**TASK:** Whenever a picture appears in the records, exclude it, and transcribe everything else exactly.
------------
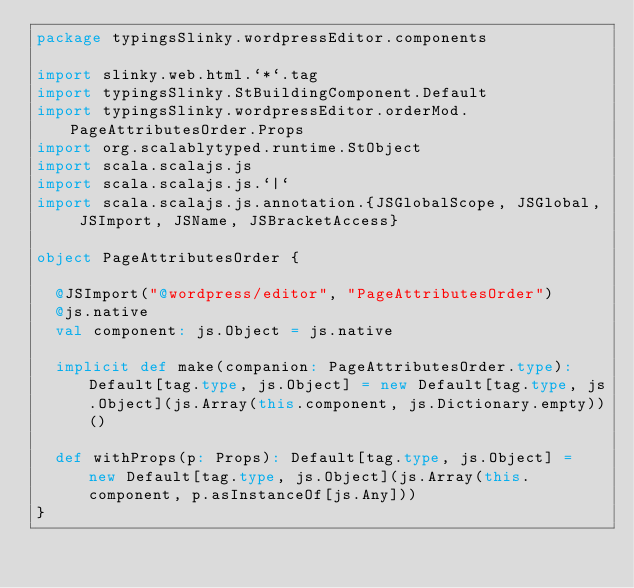Convert code to text. <code><loc_0><loc_0><loc_500><loc_500><_Scala_>package typingsSlinky.wordpressEditor.components

import slinky.web.html.`*`.tag
import typingsSlinky.StBuildingComponent.Default
import typingsSlinky.wordpressEditor.orderMod.PageAttributesOrder.Props
import org.scalablytyped.runtime.StObject
import scala.scalajs.js
import scala.scalajs.js.`|`
import scala.scalajs.js.annotation.{JSGlobalScope, JSGlobal, JSImport, JSName, JSBracketAccess}

object PageAttributesOrder {
  
  @JSImport("@wordpress/editor", "PageAttributesOrder")
  @js.native
  val component: js.Object = js.native
  
  implicit def make(companion: PageAttributesOrder.type): Default[tag.type, js.Object] = new Default[tag.type, js.Object](js.Array(this.component, js.Dictionary.empty))()
  
  def withProps(p: Props): Default[tag.type, js.Object] = new Default[tag.type, js.Object](js.Array(this.component, p.asInstanceOf[js.Any]))
}
</code> 
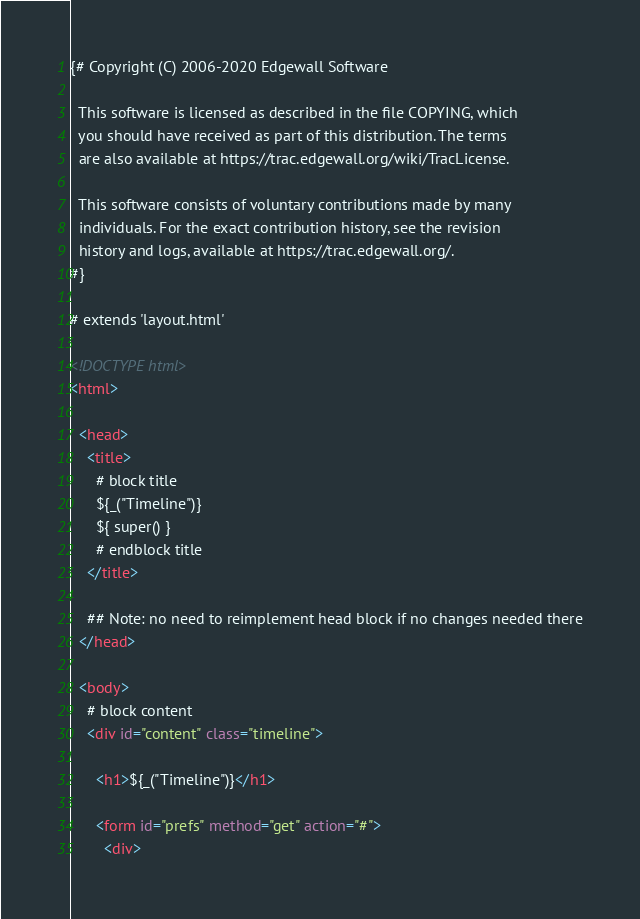<code> <loc_0><loc_0><loc_500><loc_500><_HTML_>{# Copyright (C) 2006-2020 Edgewall Software

  This software is licensed as described in the file COPYING, which
  you should have received as part of this distribution. The terms
  are also available at https://trac.edgewall.org/wiki/TracLicense.

  This software consists of voluntary contributions made by many
  individuals. For the exact contribution history, see the revision
  history and logs, available at https://trac.edgewall.org/.
#}

# extends 'layout.html'

<!DOCTYPE html>
<html>

  <head>
    <title>
      # block title
      ${_("Timeline")}
      ${ super() }
      # endblock title
    </title>

    ## Note: no need to reimplement head block if no changes needed there
  </head>

  <body>
    # block content
    <div id="content" class="timeline">

      <h1>${_("Timeline")}</h1>

      <form id="prefs" method="get" action="#">
        <div></code> 
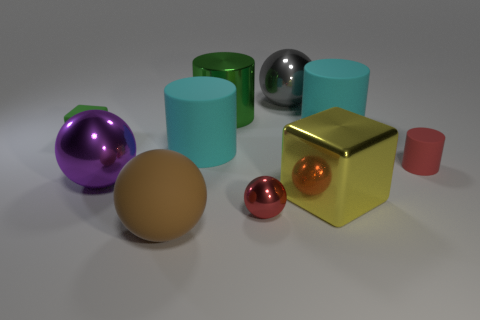Subtract all blue balls. Subtract all blue blocks. How many balls are left? 4 Subtract all balls. How many objects are left? 6 Subtract 1 green cylinders. How many objects are left? 9 Subtract all gray metal spheres. Subtract all small things. How many objects are left? 6 Add 2 big rubber things. How many big rubber things are left? 5 Add 3 metallic objects. How many metallic objects exist? 8 
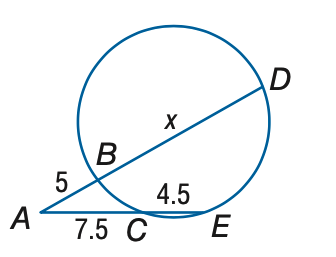Answer the mathemtical geometry problem and directly provide the correct option letter.
Question: Find x.
Choices: A: 12 B: 13 C: 14 D: 15 B 
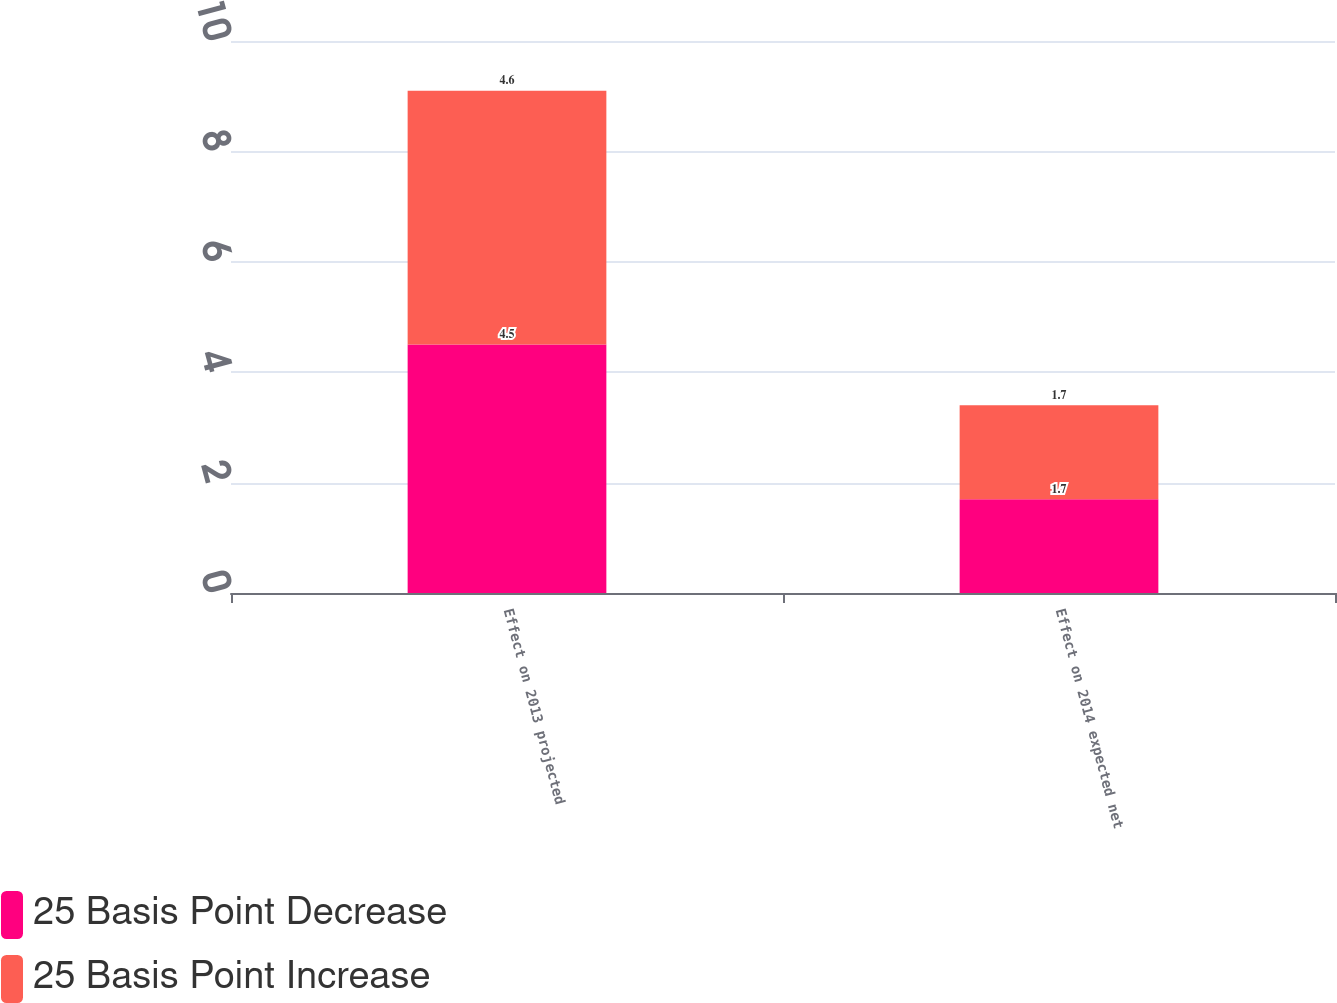<chart> <loc_0><loc_0><loc_500><loc_500><stacked_bar_chart><ecel><fcel>Effect on 2013 projected<fcel>Effect on 2014 expected net<nl><fcel>25 Basis Point Decrease<fcel>4.5<fcel>1.7<nl><fcel>25 Basis Point Increase<fcel>4.6<fcel>1.7<nl></chart>
------------
**RESPONSE FOR THIS EXERCISE:**
Convert code to text. <code><loc_0><loc_0><loc_500><loc_500><_Scala_>package typingsSlinky.wordpressEditor.components

import slinky.web.html.`*`.tag
import typingsSlinky.StBuildingComponent.Default
import typingsSlinky.wordpressEditor.orderMod.PageAttributesOrder.Props
import org.scalablytyped.runtime.StObject
import scala.scalajs.js
import scala.scalajs.js.`|`
import scala.scalajs.js.annotation.{JSGlobalScope, JSGlobal, JSImport, JSName, JSBracketAccess}

object PageAttributesOrder {
  
  @JSImport("@wordpress/editor", "PageAttributesOrder")
  @js.native
  val component: js.Object = js.native
  
  implicit def make(companion: PageAttributesOrder.type): Default[tag.type, js.Object] = new Default[tag.type, js.Object](js.Array(this.component, js.Dictionary.empty))()
  
  def withProps(p: Props): Default[tag.type, js.Object] = new Default[tag.type, js.Object](js.Array(this.component, p.asInstanceOf[js.Any]))
}
</code> 
<code> <loc_0><loc_0><loc_500><loc_500><_HTML_>{# Copyright (C) 2006-2020 Edgewall Software

  This software is licensed as described in the file COPYING, which
  you should have received as part of this distribution. The terms
  are also available at https://trac.edgewall.org/wiki/TracLicense.

  This software consists of voluntary contributions made by many
  individuals. For the exact contribution history, see the revision
  history and logs, available at https://trac.edgewall.org/.
#}

# extends 'layout.html'

<!DOCTYPE html>
<html>

  <head>
    <title>
      # block title
      ${_("Timeline")}
      ${ super() }
      # endblock title
    </title>

    ## Note: no need to reimplement head block if no changes needed there
  </head>

  <body>
    # block content
    <div id="content" class="timeline">

      <h1>${_("Timeline")}</h1>

      <form id="prefs" method="get" action="#">
        <div></code> 
Subtract all blue balls. Subtract all blue blocks. How many balls are left? 4 Subtract all balls. How many objects are left? 6 Subtract 1 green cylinders. How many objects are left? 9 Subtract all gray metal spheres. Subtract all small things. How many objects are left? 6 Add 2 big rubber things. How many big rubber things are left? 5 Add 3 metallic objects. How many metallic objects exist? 8 
Answer the mathemtical geometry problem and directly provide the correct option letter.
Question: Find x.
Choices: A: 12 B: 13 C: 14 D: 15 B 
<chart> <loc_0><loc_0><loc_500><loc_500><stacked_bar_chart><ecel><fcel>Effect on 2013 projected<fcel>Effect on 2014 expected net<nl><fcel>25 Basis Point Decrease<fcel>4.5<fcel>1.7<nl><fcel>25 Basis Point Increase<fcel>4.6<fcel>1.7<nl></chart>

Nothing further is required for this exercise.